Меня возмущало равнодушие, с которым воспринимались мои рассказы. А тут еще мать посоветовала задуматься самым серьезным образом о моем будущем. Ей, видите ли, не нравилась моя работа. Она хотела, чтобы я учился и нашел себе место получше. Она, наверное, думала, что мне нравится привинчивать дужки.

Попадья кривила в ухмылке рот:

— Подмастерьем заделался?

— Не ваше дело! — огрызался я.

В моей душе копилось недовольство собой и всем, что меня окружало. Меня ничто не радовало — ни высокая зарплата, ни новое пальто. Первое время я чувствовал себя в нем наследным принцем, а потом все чаще и чаще стал надевать шинель, которая верой и правдой служила мне почти два года, которая будила тревожные, но дорогие воспоминания. Шинель пахла порохом, землей, ржаными сухарями, густым гороховым супом, сваренным из концентратов. Еще совсем недавно эта шинель служила мне и одеялом, и подушкой, она защищала меня от холода и от дождя.

— Чего не носишь пальто? — спросила Катюша.

— Так, — ответил я.

— Не нравится? — с испугом спросила Катюша. — Если что не так, скажи. Мигом перешью.

— Не в этом дело, — пробормотал я.

— В чем же тогда?

— Не нравится мне дома.

— Чего же тебе не нравится? — удивилась Катюша.

— Все! Квартира наша не нравится, двор, работа. Не об этом я думал на фронте, не об этом мечтал. У вас, — я так и сказал «у вас», а не «у нас», — тут все по-старому, ничего не изменилось.

Напрасно Катюша говорила, что трудно жить всем, что еще очень многие не имеют и такого жилья, как наше, живут в землянках, — я не слушал ее. Мне было плохо!

— Да ты осмотрись получше! — воскликнула Катюша. — И у нас много перемен, маленьких, но много. Вон канаву к дому роют — газ прокладывать будут. Это ли не перемена? Представляешь, от керосинок и примусов избавимся! В коммерческих магазинах цены снизили.

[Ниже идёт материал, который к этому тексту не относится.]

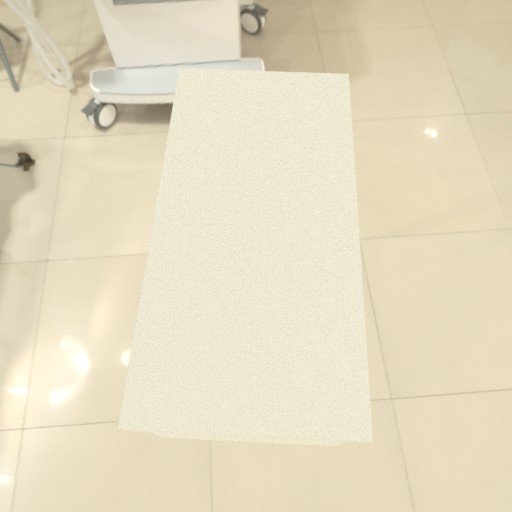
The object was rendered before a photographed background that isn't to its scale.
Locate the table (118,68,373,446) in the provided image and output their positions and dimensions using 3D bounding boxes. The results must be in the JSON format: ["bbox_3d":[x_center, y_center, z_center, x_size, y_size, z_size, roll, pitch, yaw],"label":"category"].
[{"bbox_3d":[0.000,0.000,1.283,0.500,0.441,1.000,2,64,1],"label":"table"}]
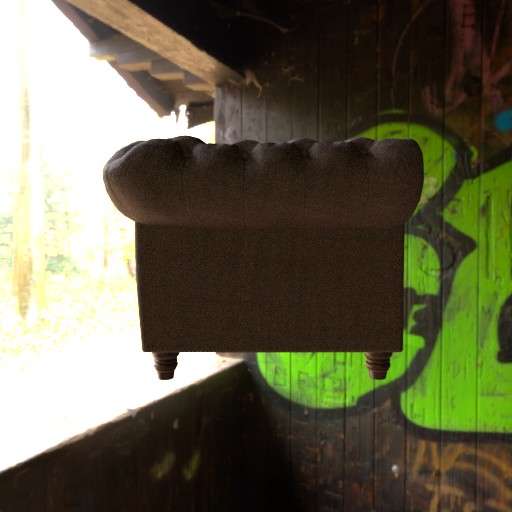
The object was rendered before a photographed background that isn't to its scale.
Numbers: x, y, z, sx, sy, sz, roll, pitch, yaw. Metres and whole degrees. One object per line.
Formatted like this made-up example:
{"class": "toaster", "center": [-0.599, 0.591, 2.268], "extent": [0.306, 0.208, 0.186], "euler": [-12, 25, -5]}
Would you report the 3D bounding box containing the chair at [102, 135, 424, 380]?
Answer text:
{"class": "chair", "center": [0.000, 0.000, 1.861], "extent": [0.945, 0.780, 1.298], "euler": [0, 1, 0]}
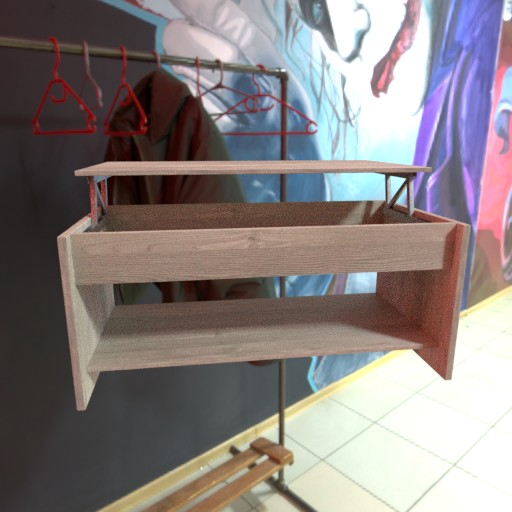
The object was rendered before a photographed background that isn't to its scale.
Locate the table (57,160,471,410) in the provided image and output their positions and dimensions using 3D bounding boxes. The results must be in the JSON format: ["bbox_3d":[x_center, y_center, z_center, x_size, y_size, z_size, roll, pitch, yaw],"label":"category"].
[{"bbox_3d":[0.000,0.000,1.434,1.000,0.570,0.712,-2,15,-8],"label":"table"}]
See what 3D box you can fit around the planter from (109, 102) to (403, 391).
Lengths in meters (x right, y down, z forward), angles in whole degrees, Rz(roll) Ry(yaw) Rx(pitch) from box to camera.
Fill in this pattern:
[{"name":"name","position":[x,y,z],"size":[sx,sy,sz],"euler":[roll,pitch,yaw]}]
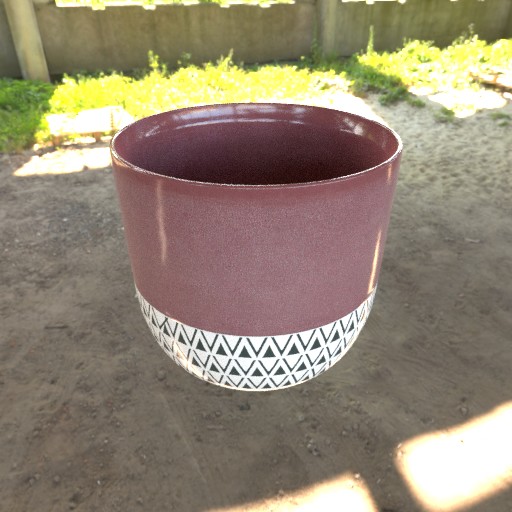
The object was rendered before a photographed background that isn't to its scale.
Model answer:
[{"name":"planter","position":[0.000,0.000,0.485],"size":[0.266,0.270,0.266],"euler":[0,31,0]}]
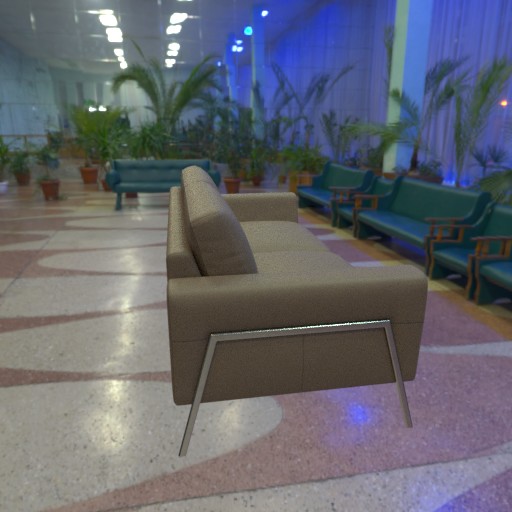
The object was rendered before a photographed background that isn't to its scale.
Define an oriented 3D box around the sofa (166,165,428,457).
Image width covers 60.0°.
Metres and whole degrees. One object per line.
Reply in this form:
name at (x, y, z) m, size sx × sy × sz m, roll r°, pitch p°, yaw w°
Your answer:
sofa at (0.000, 0.000, 2.516) m, size 0.953 × 0.875 × 2.017 m, roll -3°, pitch 17°, yaw -10°
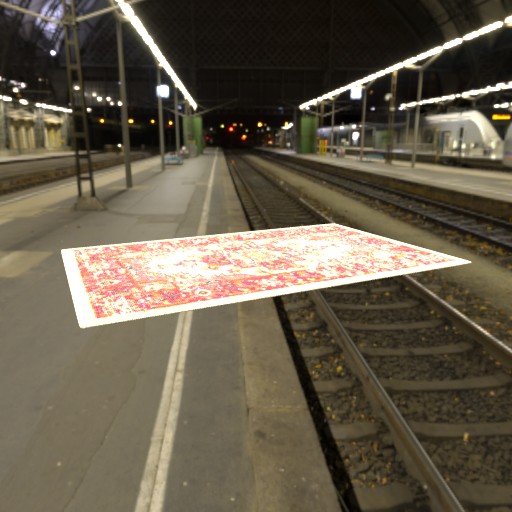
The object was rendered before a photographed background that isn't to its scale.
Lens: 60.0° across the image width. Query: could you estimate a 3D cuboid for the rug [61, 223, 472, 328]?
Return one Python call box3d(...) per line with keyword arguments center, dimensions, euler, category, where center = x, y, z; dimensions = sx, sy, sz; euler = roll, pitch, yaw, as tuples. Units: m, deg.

На карточки сейчас что хочешь бери — не то что два года назад, когда вместо масла яичный порошок выдавали, а вместо мяса — опять же его. Нет, Жорик, — ласково добавила Катюша, — жизнь к лучшему поворот делает, помаленьку, но делает. А ты больно нетерпеливый. Тебе все сразу вынь и положь. Так не бывает.

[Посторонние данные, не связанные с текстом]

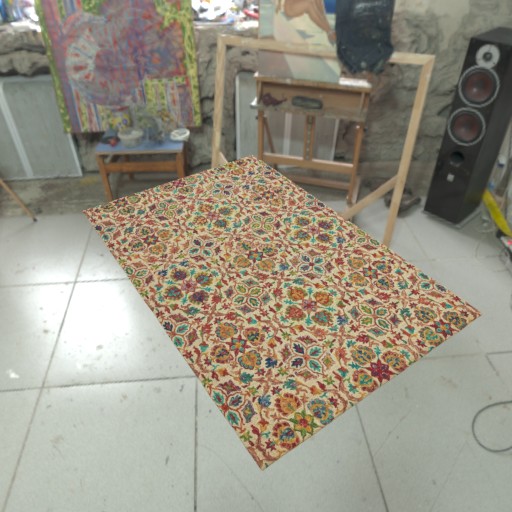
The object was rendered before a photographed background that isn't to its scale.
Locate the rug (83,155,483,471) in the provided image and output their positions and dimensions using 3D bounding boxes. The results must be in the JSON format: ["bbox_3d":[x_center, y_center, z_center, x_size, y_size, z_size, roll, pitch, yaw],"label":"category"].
[{"bbox_3d":[0.000,0.000,2.313,1.226,0.013,1.838,-24,46,-26],"label":"rug"}]
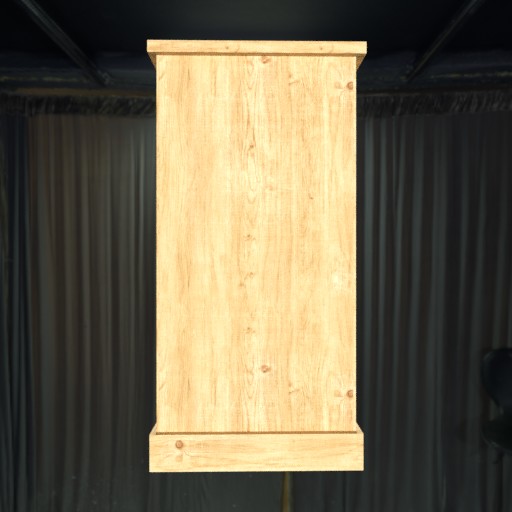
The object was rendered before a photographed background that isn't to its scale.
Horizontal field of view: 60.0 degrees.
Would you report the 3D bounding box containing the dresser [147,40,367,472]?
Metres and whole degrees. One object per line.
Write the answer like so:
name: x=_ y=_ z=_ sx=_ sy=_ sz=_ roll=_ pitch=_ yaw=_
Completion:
dresser: x=0.000 y=0.000 z=1.267 sx=0.531 sy=1.041 sz=0.390 roll=0 pitch=0 yaw=-1
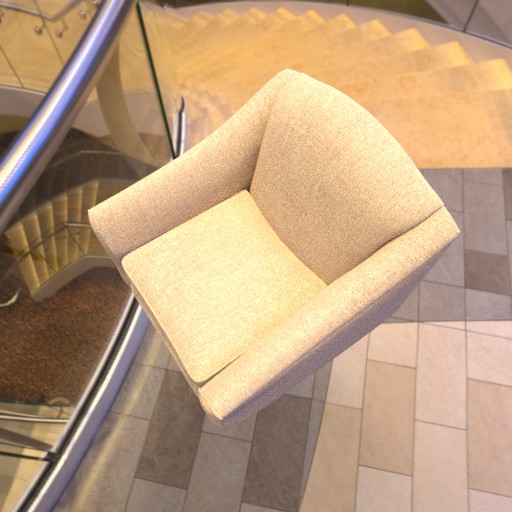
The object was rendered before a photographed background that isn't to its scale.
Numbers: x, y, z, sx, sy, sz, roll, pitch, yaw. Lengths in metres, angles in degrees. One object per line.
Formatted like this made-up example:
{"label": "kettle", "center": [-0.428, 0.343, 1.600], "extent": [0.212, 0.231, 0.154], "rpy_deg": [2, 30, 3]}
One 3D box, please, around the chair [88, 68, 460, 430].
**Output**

— Все равно плохо тут, неинтересно, — возразил я.

— Чушь! — Катюша рассмеялась. — С девушкой познакомься. В театр сходи или в кино.

— Зачем?

Катюша бросила на меня недоумевающий взгляд.

— Ты же молодой. Гуляй, пока гуляется. Женишься — не до гулянья будет.

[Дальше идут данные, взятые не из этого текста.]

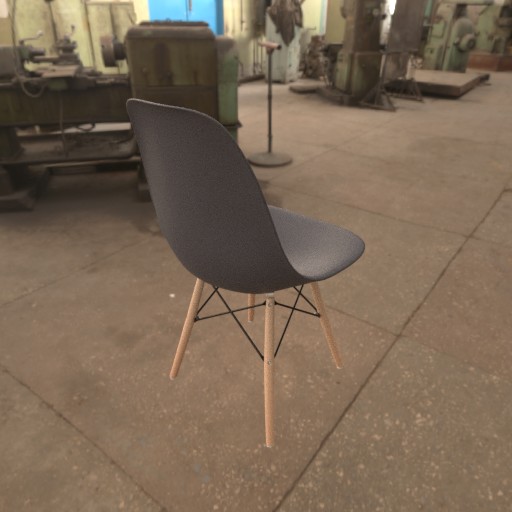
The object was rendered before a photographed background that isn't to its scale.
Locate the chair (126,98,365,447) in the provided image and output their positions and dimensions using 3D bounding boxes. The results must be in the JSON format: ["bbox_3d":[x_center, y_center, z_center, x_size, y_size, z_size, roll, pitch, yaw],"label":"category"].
[{"bbox_3d":[0.000,0.000,1.130,0.470,0.826,0.533,22,37,33],"label":"chair"}]

— А я, может, не стану жениться.

Катюша вздохнула:

— Разбаловались вы на войне.

Я промолчал: мне было лестно, что Катюша считает меня мужчиной.

Хуже всего было вечером, когда возвращалась с работы мать. После ужина она садилась около меня и спрашивала:

— Что с тобой, сын? Ты, кажется, чем-то удручен? Я понимаю, тебе не нравится эта артель. Но кто виноват, что у тебя нет гражданской профессии? Ты даже не строгальщик, а всего лишь ученик строгальщика. Я бы на твоем месте снова пошла бы на завод. Строгальщик все же профессия.

Я вспоминал своего наставника, разнос, который он учинил мне, и отвечал:

— Нет! Этого не хочу!

Через несколько дней мать сказала:

— При нашей больнице подготовительные курсы для поступающих в медучилище организуются. Я уже говорила о тебе. Через три года фельдшером станешь.

— Это не для меня, — сказал я. Я очень гордился, что моя мать врач, но сам о медицинской карьере не помышлял. Меня мутило от одного вида крови. Даже госпиталь и фронт не помогли.

— А я говорю — запишись! — вспылила мать; она, когда это требовалось, умела показать свой характер.

— Нет, нет, нет! — Я распсиховался, хлопнул дверью, пошел слоняться по улице.

Шел и думал: «Она теперь не отвяжется. Она, может быть, даже добьется своего. Неужели я фельдшером стану? Неужели мне придется ставить банки и клизмы? Пусть что угодно, но только не это!» И тут мне пришла мысль, что я уже взрослый, что я сам себе хозяин. Это так понравилось мне, что я рассмеялся и подумал: «Захочу — и рвану из Москвы, как Зыбин. Скажу матери: письмо от друга получил — и до свидания, мама, артель, Катюша, Паршутины, попадья, наша квартира!»

Всплыли мечты о море. Я ощутил на лице его дуновение, увидел качающиеся на волнах рыбацкие лодки. «Уж если ехать, то ехать к морю, — решил я, — где солнышко круглый год, где жизнь — одна красота. Может, и мой журавль там в небе летает».

Сказал об этом Катюше. Она ответила просто:

— Жить везде можно.

Всю ночь я мечтал, даже о крысах позабыл.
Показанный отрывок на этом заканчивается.